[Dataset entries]
══════════

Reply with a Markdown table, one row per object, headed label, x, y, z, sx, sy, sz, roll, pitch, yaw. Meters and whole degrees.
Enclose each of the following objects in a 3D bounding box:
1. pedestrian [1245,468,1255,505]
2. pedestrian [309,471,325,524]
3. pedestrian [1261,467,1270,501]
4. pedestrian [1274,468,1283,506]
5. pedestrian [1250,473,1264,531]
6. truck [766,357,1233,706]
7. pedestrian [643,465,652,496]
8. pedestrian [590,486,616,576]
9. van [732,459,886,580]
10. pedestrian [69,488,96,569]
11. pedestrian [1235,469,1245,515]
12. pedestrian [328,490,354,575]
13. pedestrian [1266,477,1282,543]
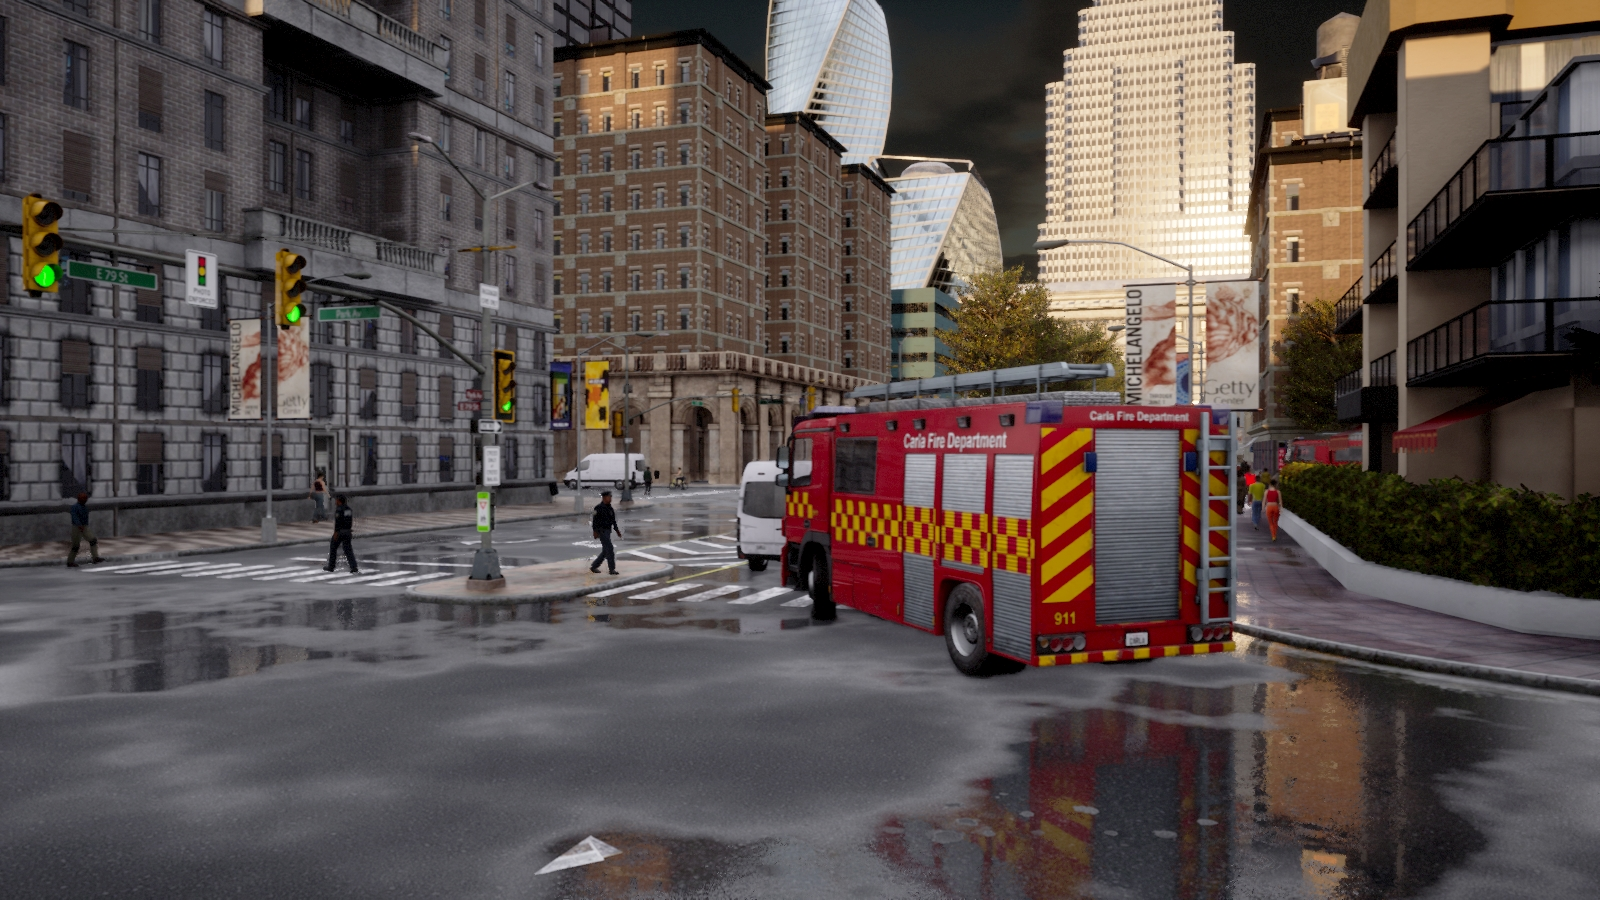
| label | x | y | z | sx | sy | sz | roll | pitch | yaw |
| --- | --- | --- | --- | --- | --- | --- | --- | --- | --- |
| pedestrian | 22.699 | 1.849 | 57.636 | 0.375 | 1.860 | 0.375 | 0 | 0 | 12 |
| pedestrian | -17.303 | 1.692 | 40.958 | 0.375 | 1.860 | 0.375 | 0 | 0 | 20 |
| pedestrian | 25.576 | 1.849 | 62.766 | 0.375 | 1.860 | 0.375 | 0 | 0 | 12 |
| pedestrian | 23.920 | 1.849 | 57.163 | 0.375 | 1.860 | 0.375 | 0 | 0 | 29 |
| pedestrian | 14.980 | 1.696 | 37.456 | 0.375 | 1.860 | 0.375 | 0 | 0 | 17 |
| truck | 2.263 | 0.890 | 16.990 | 2.891 | 3.827 | 8.468 | 0 | 0 | -21 |
| pedestrian | -9.174 | 1.843 | 68.683 | 0.375 | 1.860 | 0.375 | 0 | 0 | 21 |
| pedestrian | -4.165 | 1.702 | 24.168 | 0.375 | 1.860 | 0.375 | 0 | 0 | 30 |
| van | 0.388 | 1.533 | 27.929 | 1.988 | 2.561 | 5.915 | 0 | 0 | 19 |
| pedestrian | -16.917 | 1.844 | 26.940 | 0.375 | 1.860 | 0.375 | 0 | 0 | 14 |
| pedestrian | 17.789 | 1.697 | 46.240 | 0.375 | 1.860 | 0.375 | 0 | 0 | 20 |
| pedestrian | -10.312 | 1.846 | 25.661 | 0.375 | 1.860 | 0.375 | 0 | 0 | 26 |
| pedestrian | 13.466 | 1.698 | 32.463 | 0.375 | 1.860 | 0.375 | 0 | 0 | 19 |

══════════

**Prompt**
Restate, exactly as they appear, the line with "6. truck [766,357,1233,706]" and all the lines after it up to the end of the data above; images do not belong in the copy.

**Reply**
6. truck [766,357,1233,706]
7. pedestrian [643,465,652,496]
8. pedestrian [590,486,616,576]
9. van [732,459,886,580]
10. pedestrian [69,488,96,569]
11. pedestrian [1235,469,1245,515]
12. pedestrian [328,490,354,575]
13. pedestrian [1266,477,1282,543]
| label | x | y | z | sx | sy | sz | roll | pitch | yaw |
| --- | --- | --- | --- | --- | --- | --- | --- | --- | --- |
| pedestrian | 22.699 | 1.849 | 57.636 | 0.375 | 1.860 | 0.375 | 0 | 0 | 12 |
| pedestrian | -17.303 | 1.692 | 40.958 | 0.375 | 1.860 | 0.375 | 0 | 0 | 20 |
| pedestrian | 25.576 | 1.849 | 62.766 | 0.375 | 1.860 | 0.375 | 0 | 0 | 12 |
| pedestrian | 23.920 | 1.849 | 57.163 | 0.375 | 1.860 | 0.375 | 0 | 0 | 29 |
| pedestrian | 14.980 | 1.696 | 37.456 | 0.375 | 1.860 | 0.375 | 0 | 0 | 17 |
| truck | 2.263 | 0.890 | 16.990 | 2.891 | 3.827 | 8.468 | 0 | 0 | -21 |
| pedestrian | -9.174 | 1.843 | 68.683 | 0.375 | 1.860 | 0.375 | 0 | 0 | 21 |
| pedestrian | -4.165 | 1.702 | 24.168 | 0.375 | 1.860 | 0.375 | 0 | 0 | 30 |
| van | 0.388 | 1.533 | 27.929 | 1.988 | 2.561 | 5.915 | 0 | 0 | 19 |
| pedestrian | -16.917 | 1.844 | 26.940 | 0.375 | 1.860 | 0.375 | 0 | 0 | 14 |
| pedestrian | 17.789 | 1.697 | 46.240 | 0.375 | 1.860 | 0.375 | 0 | 0 | 20 |
| pedestrian | -10.312 | 1.846 | 25.661 | 0.375 | 1.860 | 0.375 | 0 | 0 | 26 |
| pedestrian | 13.466 | 1.698 | 32.463 | 0.375 | 1.860 | 0.375 | 0 | 0 | 19 |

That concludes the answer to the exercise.